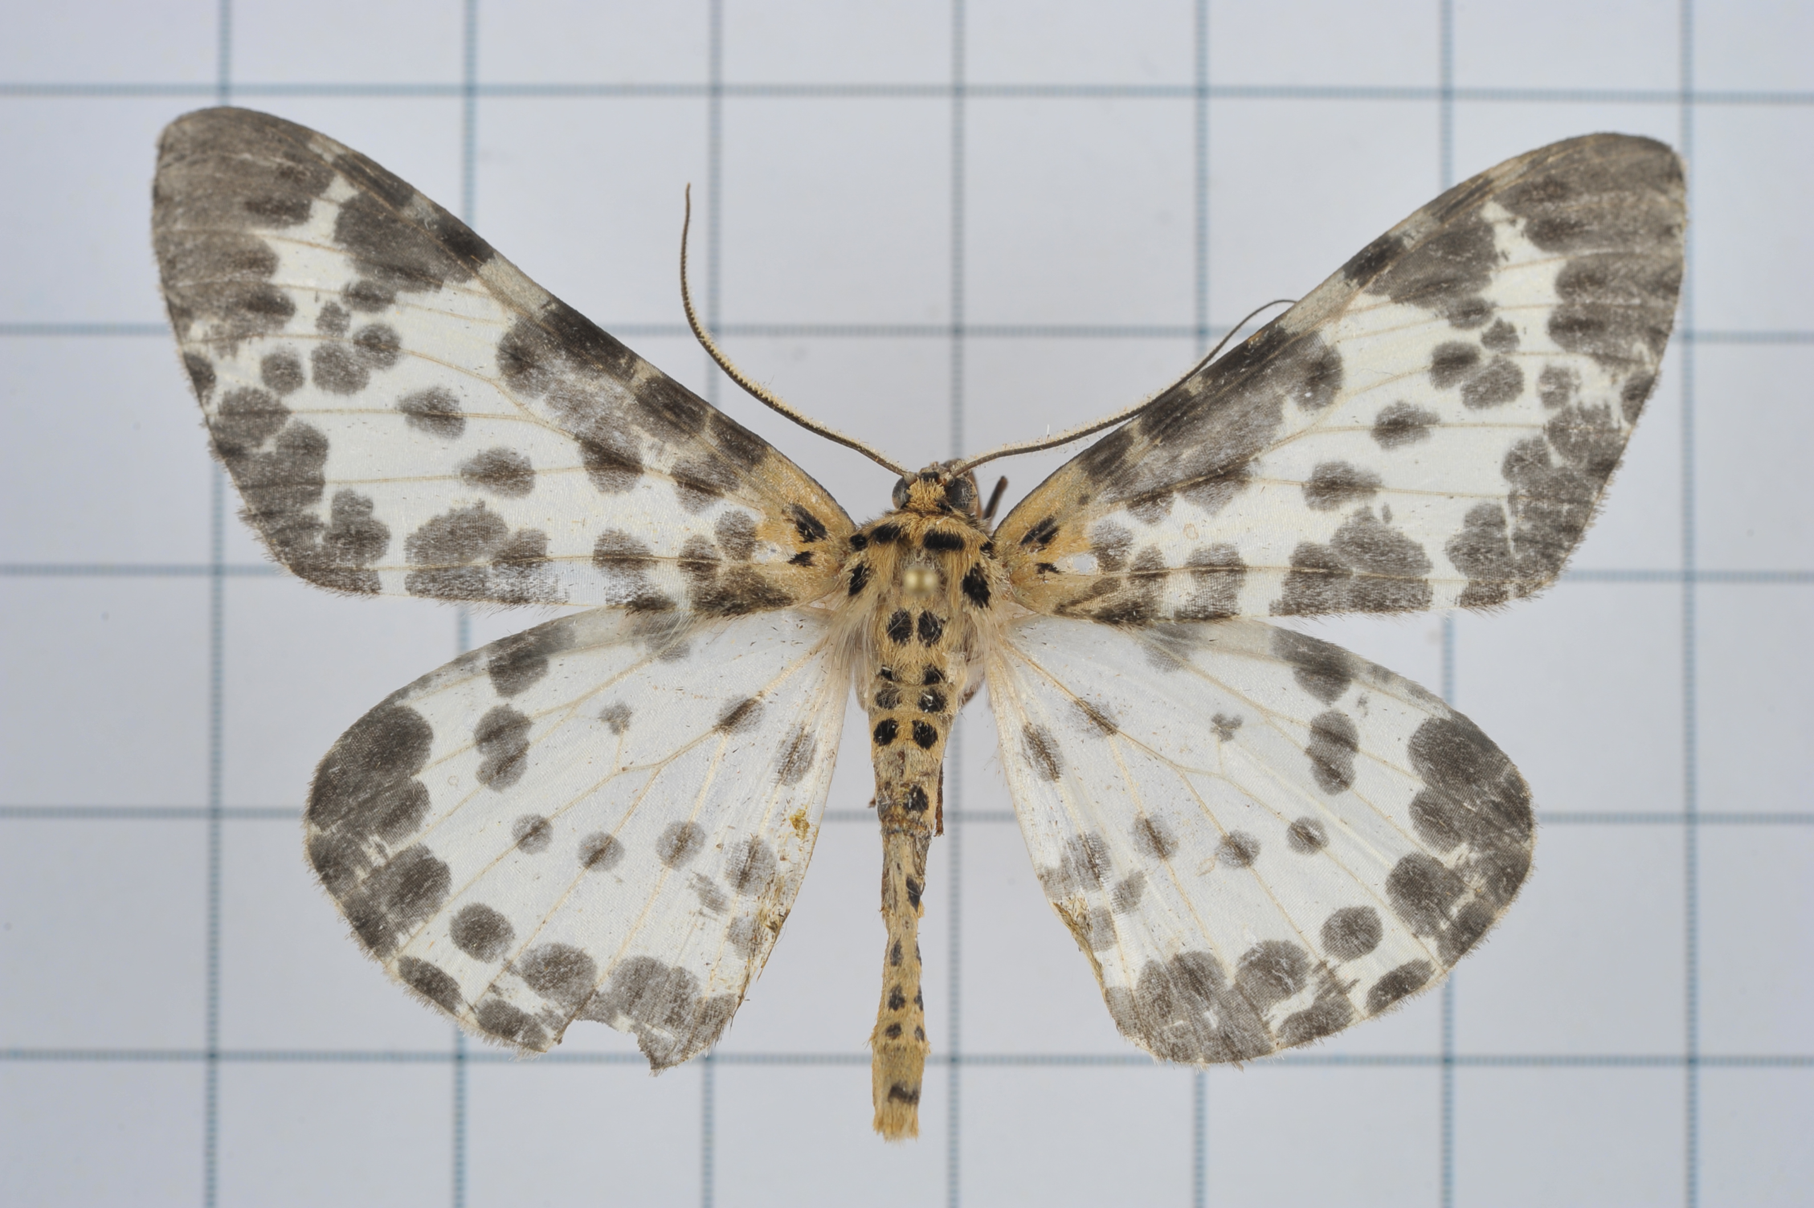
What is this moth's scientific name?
##############################
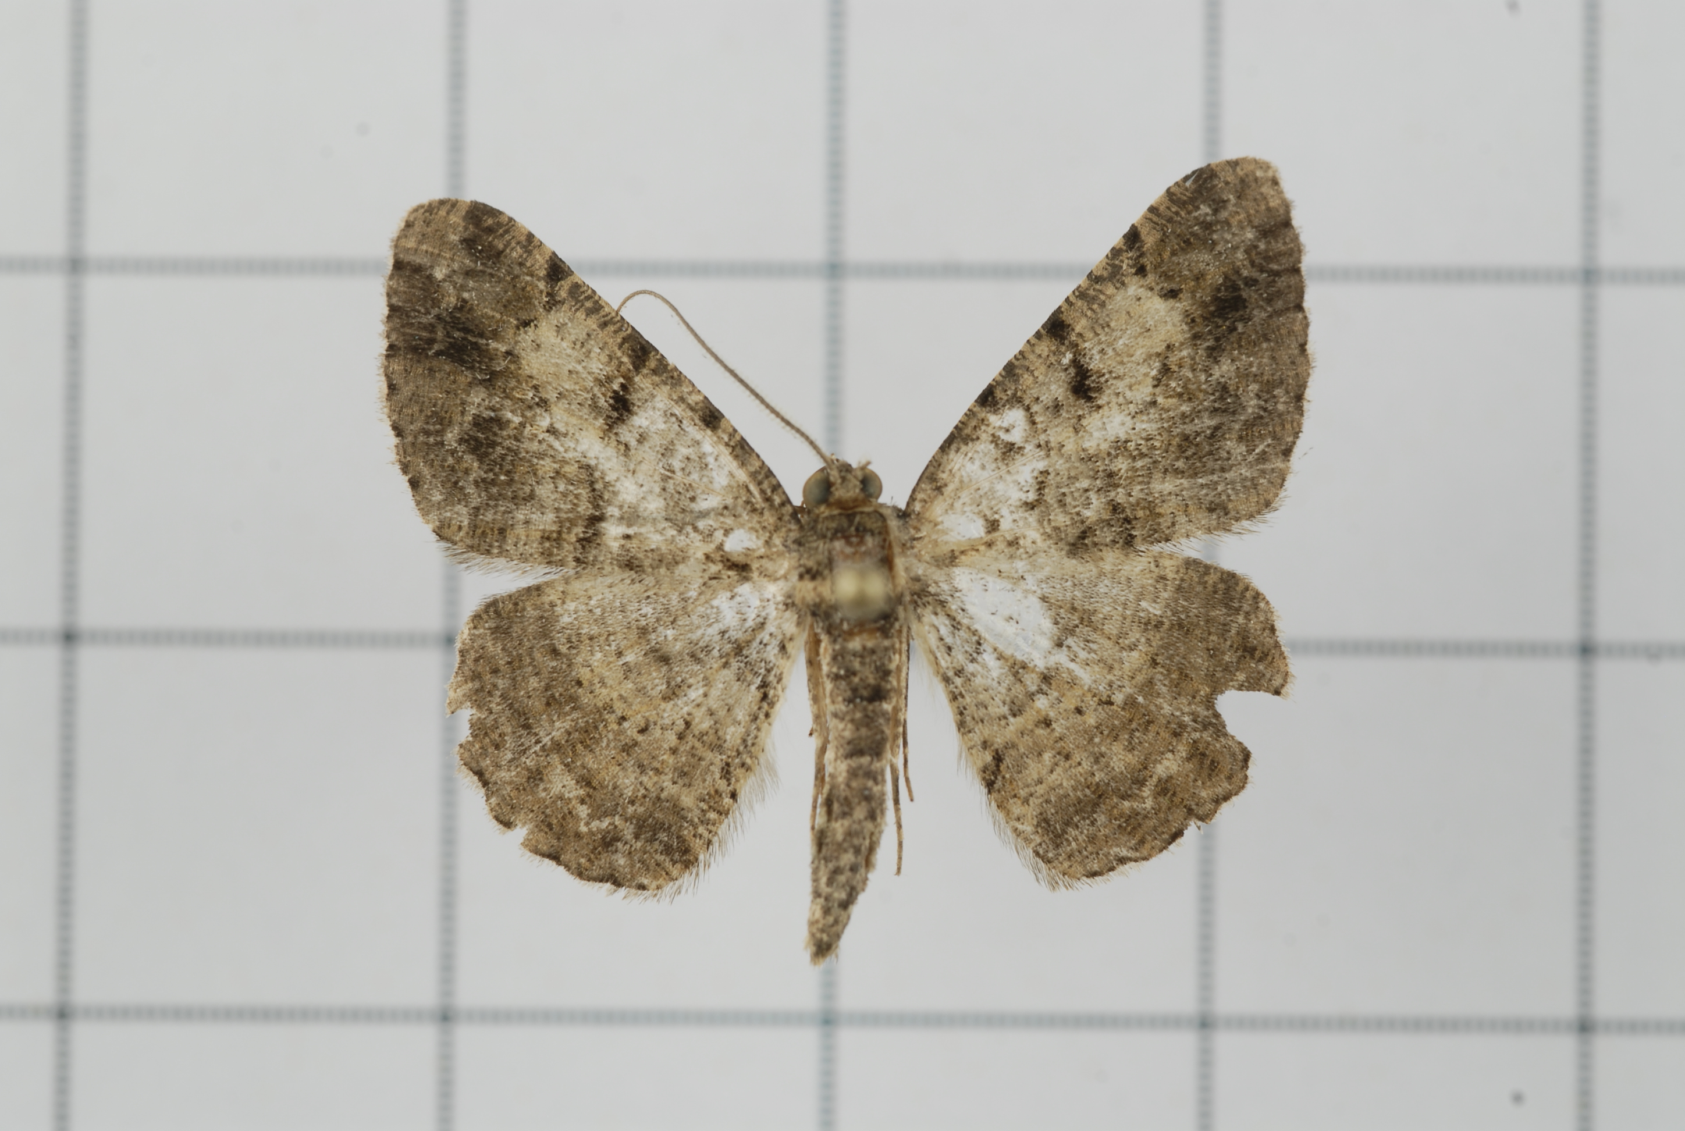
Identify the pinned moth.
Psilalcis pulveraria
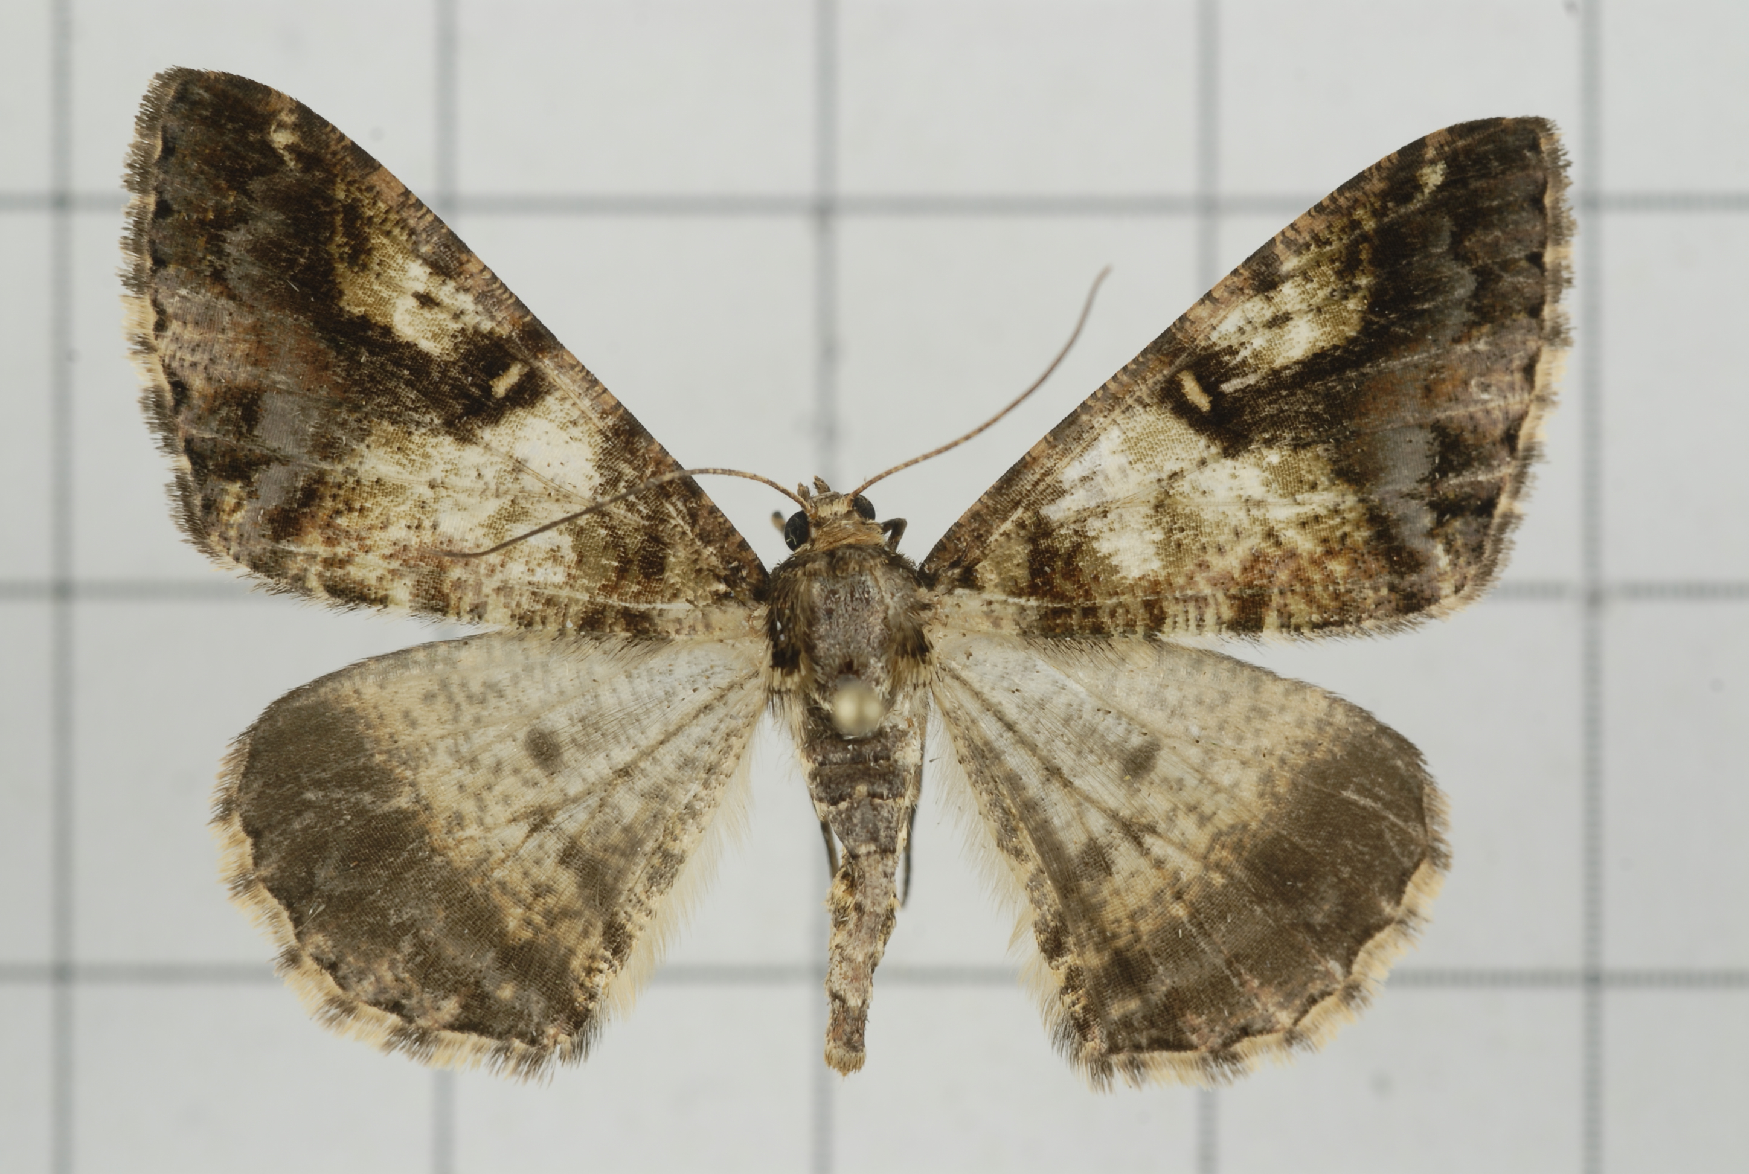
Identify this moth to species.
##############################
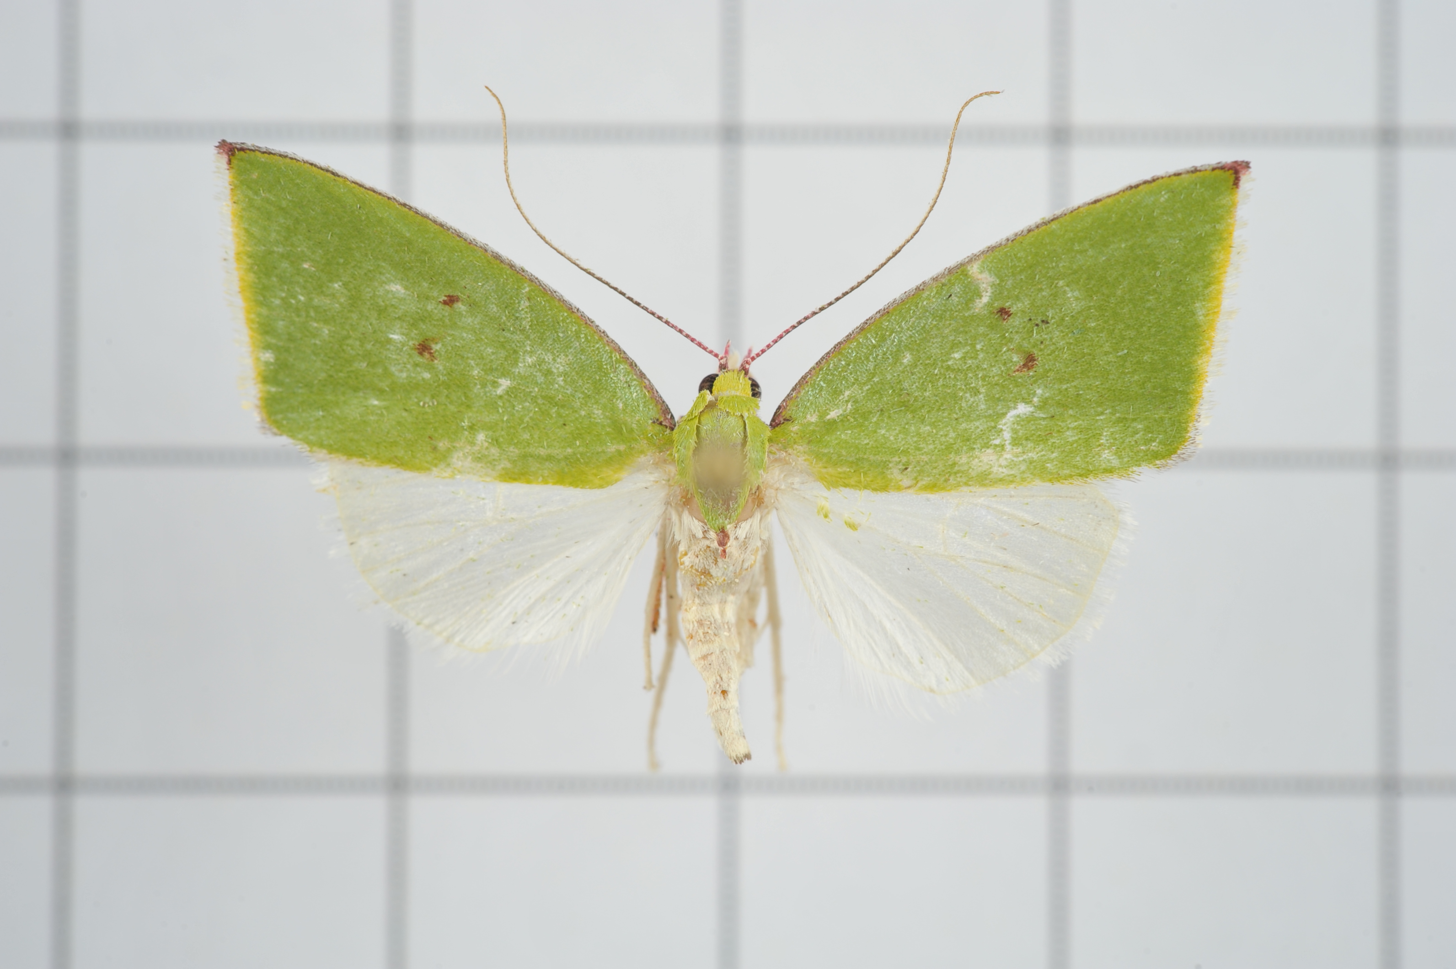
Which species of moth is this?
##############################
(TASK DESCRIPTION) In the entries above, some lines hold the string "this". Copy each of them.

(SOLUTION BELOW)
What is this moth's scientific name?
Identify this moth to species.
Which species of moth is this?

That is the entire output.